What you need to do: Your answer consists of the lines in the data that contain "below". Copy each of them.

Information provided:
-- Opening Marker --

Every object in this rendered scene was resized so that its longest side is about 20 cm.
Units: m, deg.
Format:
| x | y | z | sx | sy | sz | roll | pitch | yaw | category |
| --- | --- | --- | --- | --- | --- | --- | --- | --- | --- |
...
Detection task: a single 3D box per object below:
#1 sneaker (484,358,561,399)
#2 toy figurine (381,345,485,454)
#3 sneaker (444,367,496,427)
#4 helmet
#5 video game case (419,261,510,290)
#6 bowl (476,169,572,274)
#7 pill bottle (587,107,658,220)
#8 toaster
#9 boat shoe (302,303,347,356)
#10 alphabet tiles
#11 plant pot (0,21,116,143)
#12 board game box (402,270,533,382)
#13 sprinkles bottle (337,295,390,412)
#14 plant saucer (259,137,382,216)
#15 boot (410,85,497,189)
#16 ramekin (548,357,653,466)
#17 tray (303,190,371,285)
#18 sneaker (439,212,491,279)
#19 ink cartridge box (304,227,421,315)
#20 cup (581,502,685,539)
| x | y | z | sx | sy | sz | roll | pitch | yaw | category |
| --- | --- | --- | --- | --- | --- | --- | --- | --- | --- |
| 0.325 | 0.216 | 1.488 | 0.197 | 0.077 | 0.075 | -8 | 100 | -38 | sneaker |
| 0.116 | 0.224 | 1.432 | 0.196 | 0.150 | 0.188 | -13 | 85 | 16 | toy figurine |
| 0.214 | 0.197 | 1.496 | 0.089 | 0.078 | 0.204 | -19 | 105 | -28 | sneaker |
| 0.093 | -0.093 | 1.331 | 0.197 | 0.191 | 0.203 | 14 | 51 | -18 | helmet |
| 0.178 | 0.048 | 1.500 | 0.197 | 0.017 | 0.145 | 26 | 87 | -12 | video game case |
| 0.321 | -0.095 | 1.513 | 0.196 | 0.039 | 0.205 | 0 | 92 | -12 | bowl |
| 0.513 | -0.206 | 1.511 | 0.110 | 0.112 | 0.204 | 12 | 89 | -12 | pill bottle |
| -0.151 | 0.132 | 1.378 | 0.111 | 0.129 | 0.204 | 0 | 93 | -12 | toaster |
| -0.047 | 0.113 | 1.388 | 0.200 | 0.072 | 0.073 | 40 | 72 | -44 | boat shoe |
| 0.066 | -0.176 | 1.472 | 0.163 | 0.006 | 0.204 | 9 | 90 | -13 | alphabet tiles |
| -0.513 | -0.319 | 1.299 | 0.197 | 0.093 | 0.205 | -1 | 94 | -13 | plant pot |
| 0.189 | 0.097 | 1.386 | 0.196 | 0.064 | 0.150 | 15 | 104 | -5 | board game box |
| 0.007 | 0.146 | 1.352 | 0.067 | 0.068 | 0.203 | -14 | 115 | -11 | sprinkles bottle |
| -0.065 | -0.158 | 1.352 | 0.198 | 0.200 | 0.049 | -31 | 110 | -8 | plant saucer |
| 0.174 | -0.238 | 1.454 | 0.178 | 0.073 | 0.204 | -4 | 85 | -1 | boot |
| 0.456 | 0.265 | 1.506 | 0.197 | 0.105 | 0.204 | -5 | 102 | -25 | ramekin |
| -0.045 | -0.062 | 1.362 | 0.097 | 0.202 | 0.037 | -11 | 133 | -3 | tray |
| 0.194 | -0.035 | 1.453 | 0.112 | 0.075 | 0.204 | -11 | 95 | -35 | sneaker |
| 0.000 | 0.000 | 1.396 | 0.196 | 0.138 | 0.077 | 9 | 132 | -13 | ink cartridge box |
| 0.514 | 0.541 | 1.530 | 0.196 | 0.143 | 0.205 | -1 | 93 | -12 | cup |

-- Closing Marker --
-- Opening Marker --

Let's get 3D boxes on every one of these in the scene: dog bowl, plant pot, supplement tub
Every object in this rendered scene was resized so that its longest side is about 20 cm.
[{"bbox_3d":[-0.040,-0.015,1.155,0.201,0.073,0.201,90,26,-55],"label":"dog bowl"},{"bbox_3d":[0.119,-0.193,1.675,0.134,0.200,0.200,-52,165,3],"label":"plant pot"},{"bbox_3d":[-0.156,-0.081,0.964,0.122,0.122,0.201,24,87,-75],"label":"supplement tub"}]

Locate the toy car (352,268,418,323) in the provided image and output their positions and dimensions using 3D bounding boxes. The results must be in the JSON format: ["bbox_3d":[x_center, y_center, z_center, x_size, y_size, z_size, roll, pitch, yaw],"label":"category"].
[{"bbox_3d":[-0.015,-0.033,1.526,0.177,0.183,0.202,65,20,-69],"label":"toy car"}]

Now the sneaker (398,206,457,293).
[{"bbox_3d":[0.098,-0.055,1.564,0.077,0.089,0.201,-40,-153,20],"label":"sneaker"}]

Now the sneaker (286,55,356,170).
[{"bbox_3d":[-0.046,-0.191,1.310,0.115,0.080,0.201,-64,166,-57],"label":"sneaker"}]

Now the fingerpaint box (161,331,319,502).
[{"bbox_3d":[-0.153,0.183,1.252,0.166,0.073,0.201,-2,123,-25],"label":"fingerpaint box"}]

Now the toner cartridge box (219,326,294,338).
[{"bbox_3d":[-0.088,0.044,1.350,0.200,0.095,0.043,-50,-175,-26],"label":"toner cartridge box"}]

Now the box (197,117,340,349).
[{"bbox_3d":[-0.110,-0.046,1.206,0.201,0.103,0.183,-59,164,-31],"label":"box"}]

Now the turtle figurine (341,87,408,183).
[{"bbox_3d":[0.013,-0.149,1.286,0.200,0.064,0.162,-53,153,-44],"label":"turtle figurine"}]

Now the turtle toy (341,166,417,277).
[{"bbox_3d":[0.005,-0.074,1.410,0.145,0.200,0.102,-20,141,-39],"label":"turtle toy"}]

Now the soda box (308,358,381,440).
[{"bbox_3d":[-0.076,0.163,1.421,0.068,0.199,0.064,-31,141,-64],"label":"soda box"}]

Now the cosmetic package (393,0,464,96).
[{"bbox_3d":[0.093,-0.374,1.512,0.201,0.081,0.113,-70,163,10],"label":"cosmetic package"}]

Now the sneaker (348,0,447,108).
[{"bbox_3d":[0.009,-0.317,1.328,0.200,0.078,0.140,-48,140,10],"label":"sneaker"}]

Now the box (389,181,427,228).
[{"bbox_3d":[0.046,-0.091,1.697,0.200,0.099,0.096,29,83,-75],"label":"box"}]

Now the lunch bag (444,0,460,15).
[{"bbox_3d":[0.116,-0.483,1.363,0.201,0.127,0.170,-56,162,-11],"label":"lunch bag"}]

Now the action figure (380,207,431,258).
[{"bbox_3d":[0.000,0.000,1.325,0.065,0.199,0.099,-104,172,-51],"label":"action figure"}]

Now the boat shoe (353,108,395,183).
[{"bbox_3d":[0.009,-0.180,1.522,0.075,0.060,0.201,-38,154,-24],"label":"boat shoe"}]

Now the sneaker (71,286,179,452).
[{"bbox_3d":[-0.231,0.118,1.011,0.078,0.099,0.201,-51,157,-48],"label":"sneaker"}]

-- Closing Marker --
-- Opening Marker --

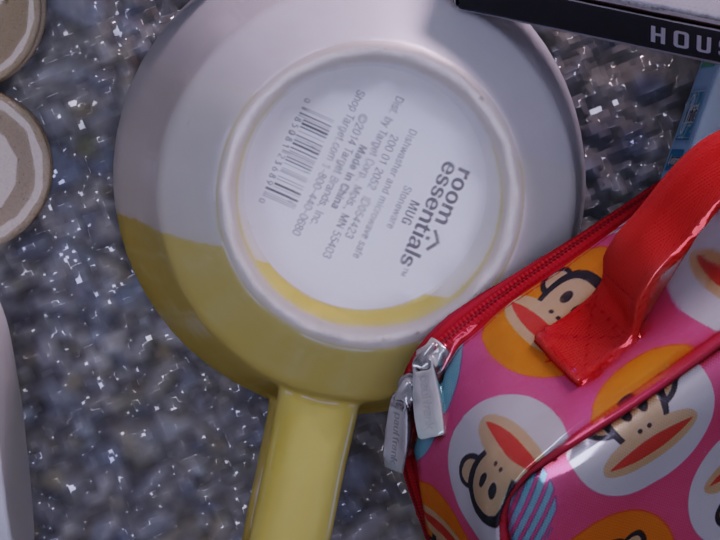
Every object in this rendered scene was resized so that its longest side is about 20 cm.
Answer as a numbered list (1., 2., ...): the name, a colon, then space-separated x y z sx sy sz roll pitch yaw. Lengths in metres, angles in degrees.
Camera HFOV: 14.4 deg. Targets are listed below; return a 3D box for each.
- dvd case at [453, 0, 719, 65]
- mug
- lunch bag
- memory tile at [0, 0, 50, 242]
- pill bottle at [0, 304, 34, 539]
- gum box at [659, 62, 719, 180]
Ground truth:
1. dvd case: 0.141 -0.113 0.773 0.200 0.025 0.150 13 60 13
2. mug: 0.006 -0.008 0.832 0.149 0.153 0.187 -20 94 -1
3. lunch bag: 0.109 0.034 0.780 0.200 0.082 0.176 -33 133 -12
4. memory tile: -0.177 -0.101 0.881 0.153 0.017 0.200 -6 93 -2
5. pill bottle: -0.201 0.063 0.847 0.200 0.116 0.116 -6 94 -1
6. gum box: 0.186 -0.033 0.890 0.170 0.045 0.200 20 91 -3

-- Closing Marker --

Solution to the exercise:
Detection task: a single 3D box per object below:
Camera HFOV: 14.4 deg. Targets are listed below; return a 3D box for each.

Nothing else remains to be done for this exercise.